An excerpt from Linda Kracht and Jackie Hilgert’s book, The Art of Breastfeeding.
To many, the major benefit to breastfeeding is the emotional well-being it instills in both mother and child. A breastfeeding mother will slow down and give her child undivided attention many times each day. She’ll look into his eyes. She’ll talk to him. She’ll touch him and he will touch her. They connect in a unique way. This connection facilitated through breastfeeding provides baby with comfort — physically, emotionally and psychologically. It also contributes to his cognitive development.
In her book Cultural Breastfeeding, anthropologist Kathyrn Dettwyler draws a beautiful picture of the breastfeeding relationship:
The distance from the infant to the mother is perfect for the breastfeeding newborn to visualize her face. The closeness against the chest wall allows him to experience the maternal heartbeat, a familiar sound. The warmth of the lactating breast replaces the familiar warmth of the uterus.”
Breastfeeding builds a bond between mother and child and their closeness strengthens throughout the breastfeeding relationship; it is not easily lost once breastfeeding ceases. Some have called mothers and babies engaged in breastfeeding “mutual caregivers.” Baby receives care yet he also allows mother to reap important benefits, such as an increased confidence in her ability to make independent child-care decisions, and the ability to meet the demands of mothering while simultaneously enjoying motherhood. Babies rely on cradling, touch, smell, sounds, and movement to feel secure — even to survive. As babies age and gain independence, they develop curiosity and trust in the world around them. This is positive emotional growth stemming from the attachment that is fundamental to the art of breastfeeding. Early dependence and attachment fosters later independence. Yet the bond endures. Even children between the ages of fifteen and eighteen who were breastfed tend to remain appropriately attached to their parents.
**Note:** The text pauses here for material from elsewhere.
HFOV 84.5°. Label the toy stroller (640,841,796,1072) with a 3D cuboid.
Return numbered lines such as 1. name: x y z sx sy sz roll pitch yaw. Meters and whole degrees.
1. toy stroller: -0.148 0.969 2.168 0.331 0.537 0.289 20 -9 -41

The process of becoming and individual begins when baby realizes he is separate from his mother. The process unfolds slowly. Between eighteen months and thirty-six months, an older baby still very much needs his mother in order to feel secure. But, as he broadens his ability to recognize his existence separate from his mother, he will begin to tolerate brief periods of separation and his world will expand to include his father — also an important figure in his development. Together, mother and father hold baby’s best interests in perfect balance with their own; no one is left behind in a loving family. Each person’s needs are considered and accommodated to the best of their ability. Needs are placed above self; mother and father essentially die to self in order to raise their children.
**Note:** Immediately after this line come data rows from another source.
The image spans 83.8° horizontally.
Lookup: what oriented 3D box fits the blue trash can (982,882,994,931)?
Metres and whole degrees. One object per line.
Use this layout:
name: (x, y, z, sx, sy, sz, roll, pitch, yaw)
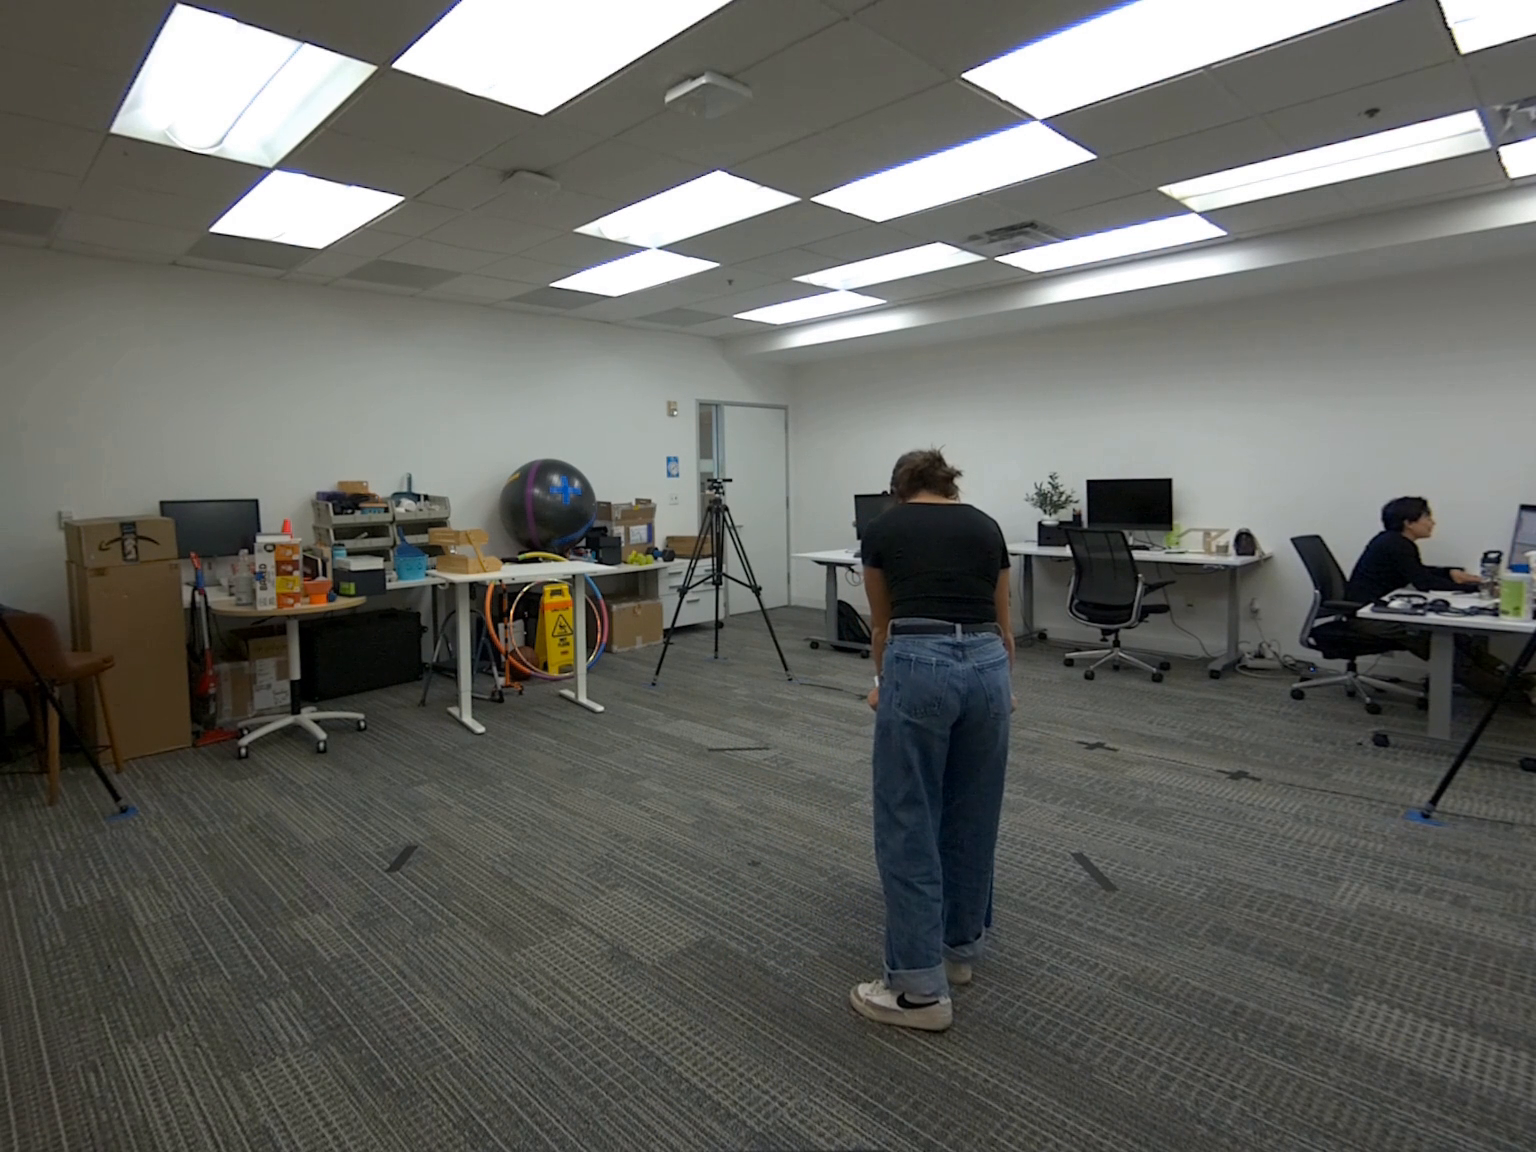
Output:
blue trash can: (0.555, 0.722, 2.773, 0.376, 0.711, 0.377, 0, 4, 5)

Maria Montessori in her book The Absorbent Mind, writes: “Localized states of maturity must first be established and the effort to force the child’s natural development can only do harm. It is nature that directs.”
Family life gets busier as baby grows; often, a busy older baby must compete for his mother’s attention. Here again, there is value in continuing the breastfeeding relationship. Breastfeeding forces both mother and older baby to slow down. Through breastfeeding, an older baby gets the undivided attention he craves from his mother and she can use the time to relax, unwind, and focus on him.
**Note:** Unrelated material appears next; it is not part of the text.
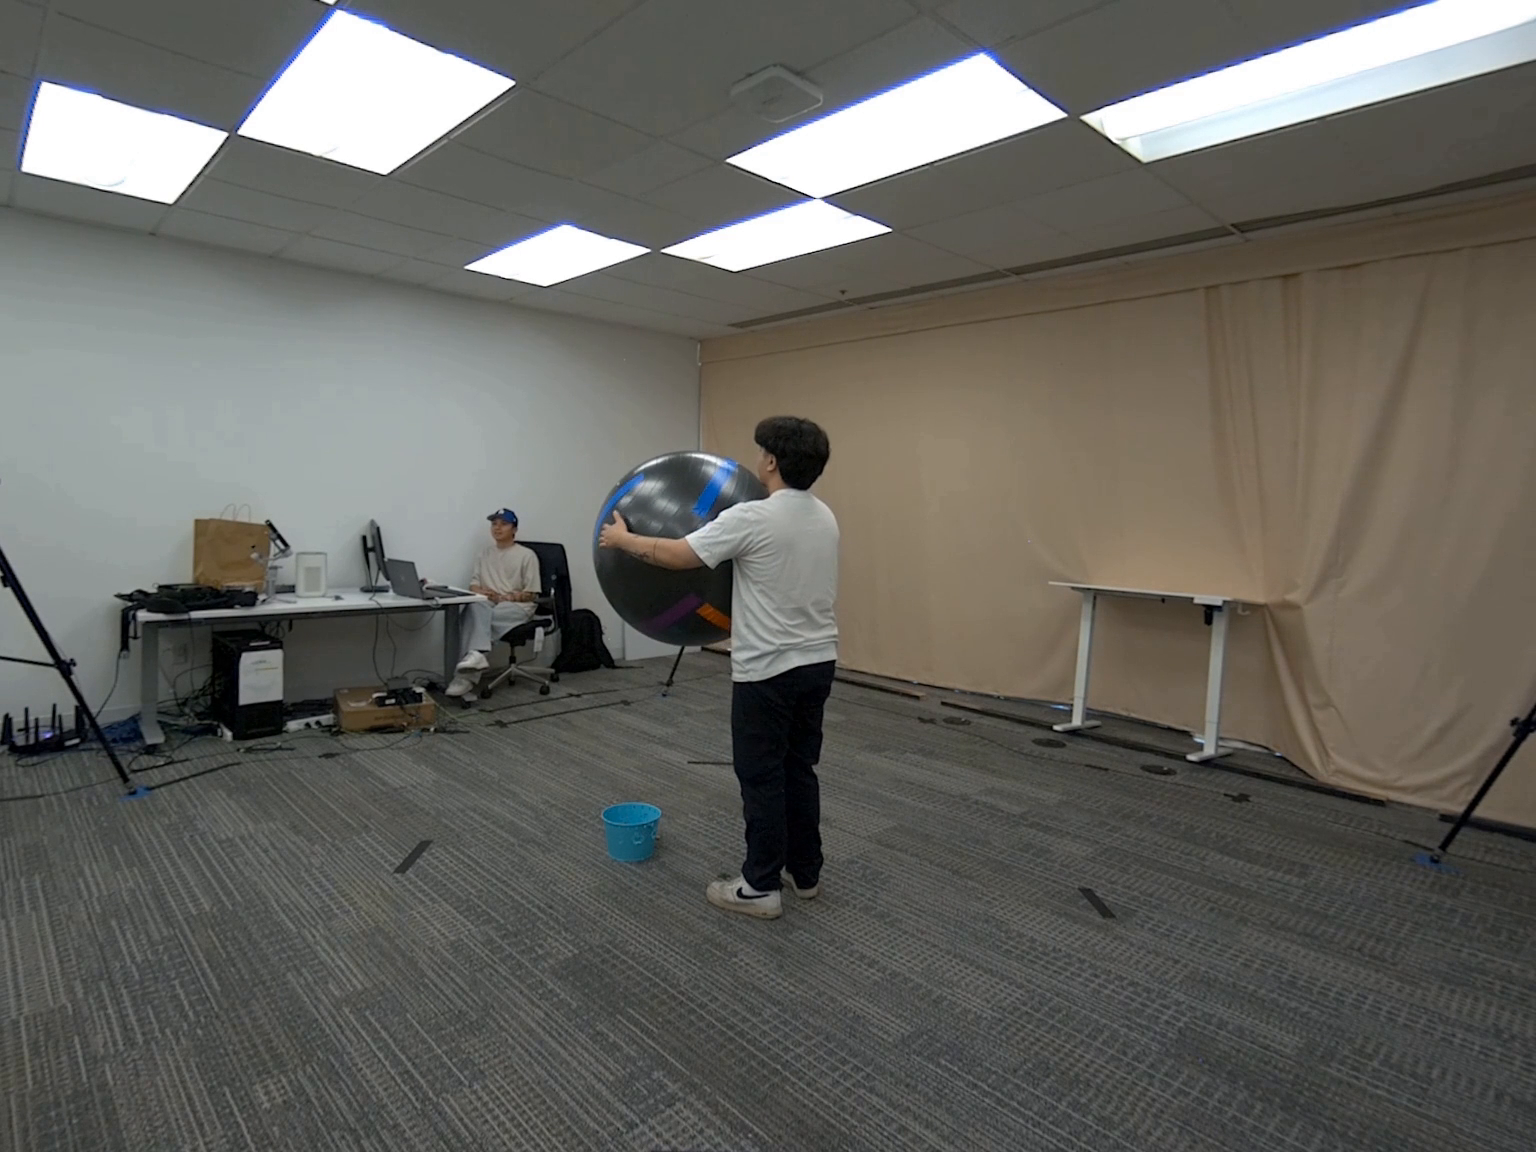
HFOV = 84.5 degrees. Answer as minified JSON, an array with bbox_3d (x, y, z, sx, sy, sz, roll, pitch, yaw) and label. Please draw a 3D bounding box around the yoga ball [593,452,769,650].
[{"bbox_3d":[-0.320,-0.100,3.289,0.757,0.756,0.760,1,4,-1],"label":"yoga ball"}]

Breastfeeding also can offer relief to babies who experience chronic pain or even sudden pain, such as from a vaccination or fall. You may thing the soothing effect found in breastfeeding is the result of him being distracted, but there are explanations rooted in science. Hormones released by suckling and absorption of milk fat induce relaxation and pain relief. Also the sweet milk stimulates a narcotic-like effect in the brain, decreasing the perception of pain. Finally, the skin-to-skin contact reduces stress and blood pressure, and helps stabilize body temperature and breathing rates.
Continued breastfeeding also increases a child’s coping mechanism during stressful times. It further reduces his need to replace mother with an inanimate comfort object such as a blanket or toy. Psychological benefits to baby continue even after breastfeeding ceases.
For mother, the soothing effect of oxytocin released during breastfeeding has been noted by researchers to lead to a significantly lower incidence of child mistreatment or child neglect. Although research on the mechanisms of relaxation and analgesia has focused on newborns, these calming effects work synergistically; many mothers report these for the duration of breastfeeding.
Breastfeeding confers other psychological benefits to women. Breastfeeding hormones help mothers avoid anger or negative moods, help them sleep better, and reduce stress which may result in feeling less depressed, a benefit enjoyed also by their babies.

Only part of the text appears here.